As well, a large proportion of those infected have been med over the age of 65. That could mean that these men are more susceptible to the virus than others, or it could be a reflection of the fact that men tend to be the ones who shop for poultry at live bird markets.

But perhaps live markets aren’t the only source of these infections. A number of those who have become ill have reported that they had no exposure to birds. In fact, some reports suggest that anywhere between 25 and 60 per cent of those infected had no bird contact. More investigation is needed to better understand this.

It’s also unclear how the virus is making its way to the markets in the first place. And it’s still isn’t clear if the birds are picking up the virus from another species –- perhaps pigs -- that could also be leading to human infections.

4. The virus appears to cause no symptoms in birds and possibly pigs

The scientists who inspected the genes of the virus samples sent to Chinese labs say H7N9 appears capable of infecting some birds without causing any symptoms. That means it could be a "silent spreader" that’s moving among birds or pigs undetected.

Without obvious outbreaks of flu in chickens, wild birds or pigs, that could make it difficult to pinpoint the original infection source, as well as track its spread. That wasn’t the case with H5N1 bird flu, which caused obvious signs of illness during outbreaks, allowing farmers to perform mass culls to stop the virus’ spread.

It also makes it harder to narrow down the species that’s fuelling the virus’ spread.

"At the moment, we can't see where this virus is coming from. We don't know yet what animal source is feeding this." Wendy Barclay, a flu virology expert at Britain's Imperial College London recently told Reuters.

And, if there were no obvious symptoms in birds or pigs "nobody recognizes the infection in animals around them. Then the transmission from animal to human may occur," Tashiro told Reuters.

"In terms of this phenomenon, it's more problematic."

5. Credibility of Chinese officials

Finally, there are concerns that flu experts may not be getting the complete picture about this new virus.

In 2003, Chinese authorities initially tried to cover up the emergence of a baffling condition that became known as SARS. Chinese officials later had to apologize for their slow response and promised to be more forthright during future pandemics.

China’s Health Ministry says the government is committed to communicate details of the new strain to the outside world and its own people. The Chinese Centre for Disease Control and Prevention has already shared the genetic sequence of H7N9 with other scientists around the world.

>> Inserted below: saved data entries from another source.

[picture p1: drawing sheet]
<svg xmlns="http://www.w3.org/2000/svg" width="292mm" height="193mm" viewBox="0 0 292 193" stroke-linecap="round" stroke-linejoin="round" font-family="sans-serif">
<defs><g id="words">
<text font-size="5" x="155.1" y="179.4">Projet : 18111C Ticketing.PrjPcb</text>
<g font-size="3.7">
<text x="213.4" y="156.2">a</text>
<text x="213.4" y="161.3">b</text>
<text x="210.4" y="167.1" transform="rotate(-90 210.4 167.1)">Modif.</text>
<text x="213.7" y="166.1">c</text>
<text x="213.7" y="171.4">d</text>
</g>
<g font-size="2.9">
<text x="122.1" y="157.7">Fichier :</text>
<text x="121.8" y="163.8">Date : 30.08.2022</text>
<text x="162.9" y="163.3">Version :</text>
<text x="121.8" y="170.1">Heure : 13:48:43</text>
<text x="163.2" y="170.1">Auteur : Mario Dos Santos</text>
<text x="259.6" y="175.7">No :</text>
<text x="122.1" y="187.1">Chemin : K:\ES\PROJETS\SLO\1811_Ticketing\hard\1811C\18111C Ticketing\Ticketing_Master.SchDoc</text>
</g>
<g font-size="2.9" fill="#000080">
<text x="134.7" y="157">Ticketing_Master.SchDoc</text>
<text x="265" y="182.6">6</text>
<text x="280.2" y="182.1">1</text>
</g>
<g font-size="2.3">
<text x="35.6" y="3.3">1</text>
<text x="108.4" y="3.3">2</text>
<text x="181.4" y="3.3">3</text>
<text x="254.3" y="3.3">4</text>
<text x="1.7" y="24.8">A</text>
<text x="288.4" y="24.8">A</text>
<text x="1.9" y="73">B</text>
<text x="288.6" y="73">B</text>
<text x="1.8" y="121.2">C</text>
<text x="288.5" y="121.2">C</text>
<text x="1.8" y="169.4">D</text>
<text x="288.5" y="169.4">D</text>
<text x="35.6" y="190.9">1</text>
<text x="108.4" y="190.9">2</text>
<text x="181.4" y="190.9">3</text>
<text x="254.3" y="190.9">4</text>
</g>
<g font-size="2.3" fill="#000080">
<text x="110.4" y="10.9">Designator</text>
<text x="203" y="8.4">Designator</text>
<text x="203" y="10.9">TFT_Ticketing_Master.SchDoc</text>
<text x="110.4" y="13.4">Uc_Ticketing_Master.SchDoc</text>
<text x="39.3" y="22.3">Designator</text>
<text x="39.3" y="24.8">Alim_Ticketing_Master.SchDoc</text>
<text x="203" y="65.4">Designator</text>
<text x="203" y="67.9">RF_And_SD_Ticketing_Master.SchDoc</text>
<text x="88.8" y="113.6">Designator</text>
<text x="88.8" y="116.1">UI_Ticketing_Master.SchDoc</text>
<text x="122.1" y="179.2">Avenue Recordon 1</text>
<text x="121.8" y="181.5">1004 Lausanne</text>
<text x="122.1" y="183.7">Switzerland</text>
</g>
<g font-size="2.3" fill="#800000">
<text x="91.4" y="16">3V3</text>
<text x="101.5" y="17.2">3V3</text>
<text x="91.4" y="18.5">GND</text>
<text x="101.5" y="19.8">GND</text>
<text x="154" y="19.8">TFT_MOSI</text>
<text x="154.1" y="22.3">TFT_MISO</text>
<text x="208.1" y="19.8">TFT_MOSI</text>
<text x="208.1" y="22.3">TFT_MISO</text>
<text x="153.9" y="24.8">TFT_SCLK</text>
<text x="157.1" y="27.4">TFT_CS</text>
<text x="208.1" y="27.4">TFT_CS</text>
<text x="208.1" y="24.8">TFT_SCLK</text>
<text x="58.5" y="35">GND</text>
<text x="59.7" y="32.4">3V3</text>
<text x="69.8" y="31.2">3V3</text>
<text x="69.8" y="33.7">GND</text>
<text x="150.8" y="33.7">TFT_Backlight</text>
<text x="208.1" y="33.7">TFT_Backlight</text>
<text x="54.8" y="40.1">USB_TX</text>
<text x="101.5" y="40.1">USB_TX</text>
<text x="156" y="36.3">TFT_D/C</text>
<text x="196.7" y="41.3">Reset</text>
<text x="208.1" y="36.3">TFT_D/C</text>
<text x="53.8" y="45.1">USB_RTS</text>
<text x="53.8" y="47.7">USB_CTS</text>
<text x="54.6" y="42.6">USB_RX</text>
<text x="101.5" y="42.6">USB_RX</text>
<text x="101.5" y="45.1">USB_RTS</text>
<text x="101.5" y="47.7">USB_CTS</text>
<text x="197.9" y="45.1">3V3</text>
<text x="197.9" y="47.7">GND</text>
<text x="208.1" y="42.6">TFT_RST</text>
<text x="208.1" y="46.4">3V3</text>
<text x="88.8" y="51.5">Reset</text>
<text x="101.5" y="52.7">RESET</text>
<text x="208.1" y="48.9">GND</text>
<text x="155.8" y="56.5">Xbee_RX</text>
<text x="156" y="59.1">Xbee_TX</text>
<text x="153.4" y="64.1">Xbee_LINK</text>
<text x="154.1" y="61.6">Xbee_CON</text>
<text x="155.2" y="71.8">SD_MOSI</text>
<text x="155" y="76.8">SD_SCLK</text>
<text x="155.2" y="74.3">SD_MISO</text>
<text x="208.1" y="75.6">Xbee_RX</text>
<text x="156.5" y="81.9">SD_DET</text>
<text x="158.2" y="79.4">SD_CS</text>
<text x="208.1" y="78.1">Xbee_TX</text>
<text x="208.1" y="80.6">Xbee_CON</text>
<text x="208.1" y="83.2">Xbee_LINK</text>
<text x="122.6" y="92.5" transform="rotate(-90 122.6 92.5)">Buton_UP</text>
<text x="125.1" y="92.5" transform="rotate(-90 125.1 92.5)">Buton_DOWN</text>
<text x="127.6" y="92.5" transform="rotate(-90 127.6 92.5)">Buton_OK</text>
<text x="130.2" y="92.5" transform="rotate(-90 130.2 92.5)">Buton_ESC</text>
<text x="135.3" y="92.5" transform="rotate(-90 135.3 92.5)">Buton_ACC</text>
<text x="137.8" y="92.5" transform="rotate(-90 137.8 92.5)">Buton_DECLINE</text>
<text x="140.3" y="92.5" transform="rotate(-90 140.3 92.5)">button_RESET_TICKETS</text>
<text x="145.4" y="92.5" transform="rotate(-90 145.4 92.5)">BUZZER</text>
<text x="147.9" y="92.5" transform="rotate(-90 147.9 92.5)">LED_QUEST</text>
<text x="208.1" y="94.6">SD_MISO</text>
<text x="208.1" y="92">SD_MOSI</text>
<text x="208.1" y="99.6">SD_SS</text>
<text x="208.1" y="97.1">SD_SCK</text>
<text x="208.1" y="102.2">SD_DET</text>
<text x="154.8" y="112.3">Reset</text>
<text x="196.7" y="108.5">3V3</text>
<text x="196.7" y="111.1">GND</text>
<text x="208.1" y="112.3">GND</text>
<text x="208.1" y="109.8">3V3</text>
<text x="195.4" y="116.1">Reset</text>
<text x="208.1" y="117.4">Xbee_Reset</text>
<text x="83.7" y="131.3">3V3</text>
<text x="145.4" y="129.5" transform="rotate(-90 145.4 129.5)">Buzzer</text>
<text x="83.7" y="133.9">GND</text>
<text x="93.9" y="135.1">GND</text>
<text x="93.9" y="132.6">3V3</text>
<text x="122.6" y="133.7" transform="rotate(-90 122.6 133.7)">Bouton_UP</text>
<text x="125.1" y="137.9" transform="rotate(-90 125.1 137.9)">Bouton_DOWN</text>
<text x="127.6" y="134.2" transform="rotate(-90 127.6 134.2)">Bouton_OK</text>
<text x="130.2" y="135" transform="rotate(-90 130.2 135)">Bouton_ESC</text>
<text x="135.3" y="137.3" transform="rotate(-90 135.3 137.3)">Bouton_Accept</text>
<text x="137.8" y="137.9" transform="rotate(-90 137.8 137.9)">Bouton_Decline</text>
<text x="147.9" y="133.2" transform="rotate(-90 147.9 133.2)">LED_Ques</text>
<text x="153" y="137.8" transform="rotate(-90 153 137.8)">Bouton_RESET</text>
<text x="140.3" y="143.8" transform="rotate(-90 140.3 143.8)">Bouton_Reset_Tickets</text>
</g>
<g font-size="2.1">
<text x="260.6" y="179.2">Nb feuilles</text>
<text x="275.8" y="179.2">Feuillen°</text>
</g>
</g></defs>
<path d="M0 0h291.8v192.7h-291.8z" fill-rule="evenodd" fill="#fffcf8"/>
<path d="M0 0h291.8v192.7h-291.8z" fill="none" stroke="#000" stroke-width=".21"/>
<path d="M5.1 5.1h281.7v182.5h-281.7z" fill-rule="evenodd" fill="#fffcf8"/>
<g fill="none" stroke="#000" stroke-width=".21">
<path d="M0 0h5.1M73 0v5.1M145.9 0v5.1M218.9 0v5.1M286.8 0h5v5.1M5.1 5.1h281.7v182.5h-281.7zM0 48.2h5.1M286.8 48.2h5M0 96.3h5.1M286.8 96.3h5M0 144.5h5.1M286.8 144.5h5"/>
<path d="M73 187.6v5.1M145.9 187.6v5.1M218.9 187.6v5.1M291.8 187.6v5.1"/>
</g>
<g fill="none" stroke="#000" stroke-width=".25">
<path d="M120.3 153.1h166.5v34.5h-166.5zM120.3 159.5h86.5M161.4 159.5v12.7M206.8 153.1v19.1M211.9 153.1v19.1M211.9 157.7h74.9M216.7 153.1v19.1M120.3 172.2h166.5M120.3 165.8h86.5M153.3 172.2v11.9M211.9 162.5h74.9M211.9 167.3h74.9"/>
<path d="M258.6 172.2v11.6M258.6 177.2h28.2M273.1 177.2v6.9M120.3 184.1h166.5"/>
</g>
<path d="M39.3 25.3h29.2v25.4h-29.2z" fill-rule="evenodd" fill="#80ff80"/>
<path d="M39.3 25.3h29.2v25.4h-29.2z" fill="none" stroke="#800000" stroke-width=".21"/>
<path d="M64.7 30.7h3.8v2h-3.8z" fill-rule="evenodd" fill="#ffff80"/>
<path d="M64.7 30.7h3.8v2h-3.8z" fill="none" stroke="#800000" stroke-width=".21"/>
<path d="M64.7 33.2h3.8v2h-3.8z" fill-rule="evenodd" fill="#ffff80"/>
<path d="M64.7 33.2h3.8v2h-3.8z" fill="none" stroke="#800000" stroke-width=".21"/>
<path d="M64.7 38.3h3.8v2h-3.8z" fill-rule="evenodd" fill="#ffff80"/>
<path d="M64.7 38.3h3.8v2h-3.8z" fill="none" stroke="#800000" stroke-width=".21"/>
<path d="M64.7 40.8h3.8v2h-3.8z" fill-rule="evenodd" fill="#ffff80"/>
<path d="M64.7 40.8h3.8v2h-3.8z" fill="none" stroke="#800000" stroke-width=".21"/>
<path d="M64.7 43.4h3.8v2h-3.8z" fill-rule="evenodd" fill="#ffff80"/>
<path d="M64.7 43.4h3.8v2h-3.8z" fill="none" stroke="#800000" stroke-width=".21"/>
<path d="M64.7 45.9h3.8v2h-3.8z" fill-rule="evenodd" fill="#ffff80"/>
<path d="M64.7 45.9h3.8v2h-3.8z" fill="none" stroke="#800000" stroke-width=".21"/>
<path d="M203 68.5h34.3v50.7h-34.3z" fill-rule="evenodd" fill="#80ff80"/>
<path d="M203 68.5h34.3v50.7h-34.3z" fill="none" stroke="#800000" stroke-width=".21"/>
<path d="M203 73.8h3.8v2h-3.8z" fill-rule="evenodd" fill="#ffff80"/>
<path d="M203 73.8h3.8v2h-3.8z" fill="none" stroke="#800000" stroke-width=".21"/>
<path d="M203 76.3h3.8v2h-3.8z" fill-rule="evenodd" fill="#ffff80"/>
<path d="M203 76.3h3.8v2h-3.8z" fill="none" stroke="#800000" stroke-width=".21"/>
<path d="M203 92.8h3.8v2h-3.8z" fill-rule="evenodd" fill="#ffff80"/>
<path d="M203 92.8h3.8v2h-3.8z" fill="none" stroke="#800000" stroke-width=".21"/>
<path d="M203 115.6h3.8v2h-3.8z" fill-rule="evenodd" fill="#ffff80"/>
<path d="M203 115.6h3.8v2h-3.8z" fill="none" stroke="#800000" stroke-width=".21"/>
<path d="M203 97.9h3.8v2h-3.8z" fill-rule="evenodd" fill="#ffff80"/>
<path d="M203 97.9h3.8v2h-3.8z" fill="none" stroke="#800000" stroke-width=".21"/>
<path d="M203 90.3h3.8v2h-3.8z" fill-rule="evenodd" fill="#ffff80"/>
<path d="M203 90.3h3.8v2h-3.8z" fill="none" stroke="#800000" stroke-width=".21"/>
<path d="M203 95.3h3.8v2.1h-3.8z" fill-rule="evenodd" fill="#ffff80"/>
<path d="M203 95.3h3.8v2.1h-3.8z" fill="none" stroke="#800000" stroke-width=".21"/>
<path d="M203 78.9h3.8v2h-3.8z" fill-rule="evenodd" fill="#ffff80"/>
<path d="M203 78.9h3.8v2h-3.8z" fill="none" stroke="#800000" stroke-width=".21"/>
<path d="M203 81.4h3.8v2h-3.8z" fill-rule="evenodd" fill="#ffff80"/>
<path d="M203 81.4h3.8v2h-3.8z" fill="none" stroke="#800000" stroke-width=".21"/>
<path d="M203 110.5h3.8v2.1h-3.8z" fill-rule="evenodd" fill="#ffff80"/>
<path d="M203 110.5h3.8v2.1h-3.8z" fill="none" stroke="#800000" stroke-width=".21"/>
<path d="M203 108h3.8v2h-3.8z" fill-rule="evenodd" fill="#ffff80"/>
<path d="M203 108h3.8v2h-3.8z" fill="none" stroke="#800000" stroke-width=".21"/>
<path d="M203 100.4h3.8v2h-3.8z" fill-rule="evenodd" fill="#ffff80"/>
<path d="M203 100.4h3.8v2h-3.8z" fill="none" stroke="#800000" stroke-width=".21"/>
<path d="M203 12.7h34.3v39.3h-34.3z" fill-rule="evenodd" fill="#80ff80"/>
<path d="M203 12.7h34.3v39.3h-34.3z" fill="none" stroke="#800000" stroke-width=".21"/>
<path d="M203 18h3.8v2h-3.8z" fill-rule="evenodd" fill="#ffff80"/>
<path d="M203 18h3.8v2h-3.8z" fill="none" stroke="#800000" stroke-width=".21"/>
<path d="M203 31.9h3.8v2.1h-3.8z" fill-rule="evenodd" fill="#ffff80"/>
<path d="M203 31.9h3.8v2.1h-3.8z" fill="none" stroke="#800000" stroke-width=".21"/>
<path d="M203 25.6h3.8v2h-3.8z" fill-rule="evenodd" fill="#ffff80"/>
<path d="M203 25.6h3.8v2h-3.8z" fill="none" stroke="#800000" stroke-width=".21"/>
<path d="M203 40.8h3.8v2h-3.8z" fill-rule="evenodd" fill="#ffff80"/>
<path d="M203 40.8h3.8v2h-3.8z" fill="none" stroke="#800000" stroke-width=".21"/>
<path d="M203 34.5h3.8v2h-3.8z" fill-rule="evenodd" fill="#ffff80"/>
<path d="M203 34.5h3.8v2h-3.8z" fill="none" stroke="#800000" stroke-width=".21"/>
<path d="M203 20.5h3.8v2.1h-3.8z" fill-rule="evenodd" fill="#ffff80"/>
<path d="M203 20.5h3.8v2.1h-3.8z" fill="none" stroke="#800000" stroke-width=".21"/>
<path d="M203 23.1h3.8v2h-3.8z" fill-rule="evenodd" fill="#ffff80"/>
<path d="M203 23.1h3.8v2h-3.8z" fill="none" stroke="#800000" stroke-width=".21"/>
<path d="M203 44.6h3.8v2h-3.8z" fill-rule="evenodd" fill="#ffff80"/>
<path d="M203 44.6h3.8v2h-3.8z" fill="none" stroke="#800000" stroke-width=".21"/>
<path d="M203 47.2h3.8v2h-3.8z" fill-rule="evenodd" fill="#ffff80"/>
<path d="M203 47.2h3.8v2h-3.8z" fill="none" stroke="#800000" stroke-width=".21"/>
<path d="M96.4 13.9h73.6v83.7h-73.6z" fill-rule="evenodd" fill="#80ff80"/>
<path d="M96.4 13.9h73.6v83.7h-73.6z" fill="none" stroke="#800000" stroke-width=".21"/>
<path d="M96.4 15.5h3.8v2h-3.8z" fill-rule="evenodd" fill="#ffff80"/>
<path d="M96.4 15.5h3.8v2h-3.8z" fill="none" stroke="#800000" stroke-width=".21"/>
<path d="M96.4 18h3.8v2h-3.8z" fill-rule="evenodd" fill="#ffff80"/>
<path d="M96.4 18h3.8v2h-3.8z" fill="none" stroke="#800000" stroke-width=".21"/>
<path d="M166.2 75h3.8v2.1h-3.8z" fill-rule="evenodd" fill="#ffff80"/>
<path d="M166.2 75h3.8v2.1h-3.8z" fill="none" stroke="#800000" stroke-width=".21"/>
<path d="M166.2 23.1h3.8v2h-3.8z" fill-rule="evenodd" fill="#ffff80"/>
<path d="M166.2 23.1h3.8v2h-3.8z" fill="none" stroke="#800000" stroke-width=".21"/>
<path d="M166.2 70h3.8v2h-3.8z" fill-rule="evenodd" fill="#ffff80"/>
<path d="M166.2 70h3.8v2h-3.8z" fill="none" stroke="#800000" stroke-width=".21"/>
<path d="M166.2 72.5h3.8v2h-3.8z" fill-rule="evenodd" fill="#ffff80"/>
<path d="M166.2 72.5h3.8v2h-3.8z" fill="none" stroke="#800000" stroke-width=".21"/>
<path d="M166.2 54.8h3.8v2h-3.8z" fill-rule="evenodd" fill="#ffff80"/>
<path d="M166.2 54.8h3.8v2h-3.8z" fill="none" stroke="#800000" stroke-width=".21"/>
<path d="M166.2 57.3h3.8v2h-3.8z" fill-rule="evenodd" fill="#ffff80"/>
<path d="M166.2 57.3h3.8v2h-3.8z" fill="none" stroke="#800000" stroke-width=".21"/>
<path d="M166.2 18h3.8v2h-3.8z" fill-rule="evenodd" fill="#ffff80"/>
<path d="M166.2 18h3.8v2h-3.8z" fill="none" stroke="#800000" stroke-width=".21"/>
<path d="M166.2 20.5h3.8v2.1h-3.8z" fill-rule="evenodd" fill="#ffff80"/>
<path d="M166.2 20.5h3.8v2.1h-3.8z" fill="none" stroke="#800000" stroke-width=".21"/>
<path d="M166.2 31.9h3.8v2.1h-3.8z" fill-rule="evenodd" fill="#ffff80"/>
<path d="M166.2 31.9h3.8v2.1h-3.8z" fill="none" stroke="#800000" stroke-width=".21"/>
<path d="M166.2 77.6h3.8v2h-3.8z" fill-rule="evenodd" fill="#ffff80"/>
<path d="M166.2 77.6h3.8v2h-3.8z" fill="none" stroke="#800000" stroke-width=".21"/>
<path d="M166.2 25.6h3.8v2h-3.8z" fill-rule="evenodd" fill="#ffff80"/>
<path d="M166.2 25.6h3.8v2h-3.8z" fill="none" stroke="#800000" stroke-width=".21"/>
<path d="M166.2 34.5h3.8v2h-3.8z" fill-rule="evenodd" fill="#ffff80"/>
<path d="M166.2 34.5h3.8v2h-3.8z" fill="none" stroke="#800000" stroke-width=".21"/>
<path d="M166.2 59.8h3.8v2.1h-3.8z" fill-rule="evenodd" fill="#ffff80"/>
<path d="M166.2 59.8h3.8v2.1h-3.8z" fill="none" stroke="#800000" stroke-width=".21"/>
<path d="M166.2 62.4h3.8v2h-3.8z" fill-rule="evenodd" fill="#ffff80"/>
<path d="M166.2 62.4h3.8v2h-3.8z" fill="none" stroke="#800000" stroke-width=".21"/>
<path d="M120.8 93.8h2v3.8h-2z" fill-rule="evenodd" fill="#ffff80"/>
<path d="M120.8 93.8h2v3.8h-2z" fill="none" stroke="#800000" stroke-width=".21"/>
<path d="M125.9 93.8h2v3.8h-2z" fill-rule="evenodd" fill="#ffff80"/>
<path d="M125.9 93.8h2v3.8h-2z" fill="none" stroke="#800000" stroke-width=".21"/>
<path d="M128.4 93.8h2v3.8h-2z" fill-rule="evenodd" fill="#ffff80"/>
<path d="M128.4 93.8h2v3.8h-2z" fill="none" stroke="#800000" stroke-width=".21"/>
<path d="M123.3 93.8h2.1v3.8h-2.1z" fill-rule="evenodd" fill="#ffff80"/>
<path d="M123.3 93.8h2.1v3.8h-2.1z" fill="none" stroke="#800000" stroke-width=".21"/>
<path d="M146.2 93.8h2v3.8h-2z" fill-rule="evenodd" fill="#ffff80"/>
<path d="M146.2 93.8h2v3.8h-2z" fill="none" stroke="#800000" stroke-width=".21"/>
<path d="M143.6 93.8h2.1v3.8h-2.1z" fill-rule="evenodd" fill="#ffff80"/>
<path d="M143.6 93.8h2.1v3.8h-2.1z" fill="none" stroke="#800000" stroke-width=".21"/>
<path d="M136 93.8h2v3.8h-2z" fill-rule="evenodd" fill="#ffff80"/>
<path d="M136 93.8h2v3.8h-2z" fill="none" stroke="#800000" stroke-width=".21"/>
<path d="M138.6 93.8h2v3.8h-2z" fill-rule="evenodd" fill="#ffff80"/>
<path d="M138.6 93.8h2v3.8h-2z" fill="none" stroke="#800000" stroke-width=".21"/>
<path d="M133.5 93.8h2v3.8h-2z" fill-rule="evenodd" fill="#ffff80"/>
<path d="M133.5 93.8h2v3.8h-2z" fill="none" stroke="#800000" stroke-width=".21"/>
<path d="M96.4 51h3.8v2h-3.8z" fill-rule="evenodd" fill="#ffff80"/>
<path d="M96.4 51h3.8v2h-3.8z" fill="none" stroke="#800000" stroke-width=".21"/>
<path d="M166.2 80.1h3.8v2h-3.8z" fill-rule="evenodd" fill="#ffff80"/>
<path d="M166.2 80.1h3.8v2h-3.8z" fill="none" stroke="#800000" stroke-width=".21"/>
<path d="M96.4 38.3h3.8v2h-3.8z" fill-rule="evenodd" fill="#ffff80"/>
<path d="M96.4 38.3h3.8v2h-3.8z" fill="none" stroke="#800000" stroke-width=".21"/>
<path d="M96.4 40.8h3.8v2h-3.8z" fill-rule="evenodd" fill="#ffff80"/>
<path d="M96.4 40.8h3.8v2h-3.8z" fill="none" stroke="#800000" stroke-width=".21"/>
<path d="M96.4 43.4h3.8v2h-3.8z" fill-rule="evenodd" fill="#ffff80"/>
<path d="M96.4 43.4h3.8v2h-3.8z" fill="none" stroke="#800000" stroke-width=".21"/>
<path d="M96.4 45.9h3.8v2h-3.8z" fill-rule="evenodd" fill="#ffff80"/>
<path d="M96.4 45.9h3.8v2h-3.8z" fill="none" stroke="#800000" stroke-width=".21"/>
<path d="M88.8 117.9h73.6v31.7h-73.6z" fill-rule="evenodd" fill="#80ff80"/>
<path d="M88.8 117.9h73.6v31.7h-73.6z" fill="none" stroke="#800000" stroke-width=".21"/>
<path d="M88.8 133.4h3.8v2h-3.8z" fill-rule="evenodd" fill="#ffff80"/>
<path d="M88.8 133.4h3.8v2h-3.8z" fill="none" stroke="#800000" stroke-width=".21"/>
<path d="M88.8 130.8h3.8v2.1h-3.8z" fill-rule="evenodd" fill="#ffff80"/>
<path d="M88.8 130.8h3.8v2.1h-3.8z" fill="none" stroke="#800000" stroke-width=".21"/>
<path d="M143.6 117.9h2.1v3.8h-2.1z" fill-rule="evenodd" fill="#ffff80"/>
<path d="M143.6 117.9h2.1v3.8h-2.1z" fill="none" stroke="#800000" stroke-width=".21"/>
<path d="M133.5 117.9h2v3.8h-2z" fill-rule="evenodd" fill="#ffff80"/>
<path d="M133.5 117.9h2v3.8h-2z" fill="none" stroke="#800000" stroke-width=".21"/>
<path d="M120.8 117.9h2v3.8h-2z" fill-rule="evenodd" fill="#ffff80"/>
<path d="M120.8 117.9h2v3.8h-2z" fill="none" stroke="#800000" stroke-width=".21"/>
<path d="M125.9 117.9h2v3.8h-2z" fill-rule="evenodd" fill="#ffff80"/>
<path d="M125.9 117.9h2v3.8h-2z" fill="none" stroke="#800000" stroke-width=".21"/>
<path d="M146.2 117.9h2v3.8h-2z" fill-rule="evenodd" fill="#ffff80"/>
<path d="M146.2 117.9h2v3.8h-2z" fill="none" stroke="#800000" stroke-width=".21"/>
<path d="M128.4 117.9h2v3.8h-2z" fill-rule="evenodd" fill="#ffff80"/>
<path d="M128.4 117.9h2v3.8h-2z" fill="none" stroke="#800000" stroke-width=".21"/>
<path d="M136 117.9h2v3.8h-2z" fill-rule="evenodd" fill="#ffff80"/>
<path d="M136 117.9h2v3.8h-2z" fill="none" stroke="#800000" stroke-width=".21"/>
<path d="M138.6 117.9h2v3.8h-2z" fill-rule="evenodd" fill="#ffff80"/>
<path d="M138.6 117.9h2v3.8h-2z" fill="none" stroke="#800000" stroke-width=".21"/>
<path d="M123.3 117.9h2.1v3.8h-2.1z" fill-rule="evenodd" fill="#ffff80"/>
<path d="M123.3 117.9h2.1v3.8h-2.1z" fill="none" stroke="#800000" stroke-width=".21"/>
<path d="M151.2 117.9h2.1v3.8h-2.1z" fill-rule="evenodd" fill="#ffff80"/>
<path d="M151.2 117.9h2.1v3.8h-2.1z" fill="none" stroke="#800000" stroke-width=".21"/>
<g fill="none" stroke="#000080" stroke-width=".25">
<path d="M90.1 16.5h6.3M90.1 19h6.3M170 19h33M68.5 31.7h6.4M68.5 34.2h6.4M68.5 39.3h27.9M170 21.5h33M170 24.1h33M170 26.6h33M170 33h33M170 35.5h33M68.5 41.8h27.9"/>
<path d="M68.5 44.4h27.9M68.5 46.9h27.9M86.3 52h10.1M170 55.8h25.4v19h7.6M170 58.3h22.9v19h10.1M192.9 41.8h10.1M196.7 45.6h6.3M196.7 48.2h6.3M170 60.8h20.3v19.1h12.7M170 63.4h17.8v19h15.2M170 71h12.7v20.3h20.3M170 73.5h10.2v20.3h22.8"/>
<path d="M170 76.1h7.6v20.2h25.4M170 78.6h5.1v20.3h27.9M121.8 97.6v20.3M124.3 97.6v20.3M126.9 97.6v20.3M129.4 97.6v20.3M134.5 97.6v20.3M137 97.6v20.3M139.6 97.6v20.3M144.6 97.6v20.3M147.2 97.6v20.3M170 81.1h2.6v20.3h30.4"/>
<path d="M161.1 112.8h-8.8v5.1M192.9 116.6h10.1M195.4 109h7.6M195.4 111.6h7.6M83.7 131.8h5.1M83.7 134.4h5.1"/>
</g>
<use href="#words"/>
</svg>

But because two of the victims fell ill in February, some are questioning why it took so long for the government to announce the new cases.

The WHO so far has praised the Chinese government, saying it’s responding well, offering detailed case management and tracing contacts of all those known to have been infected so far.

Nevertheless, it’s likely that worries will continue that given China’s track record, authorities there may not be passing on all that they know.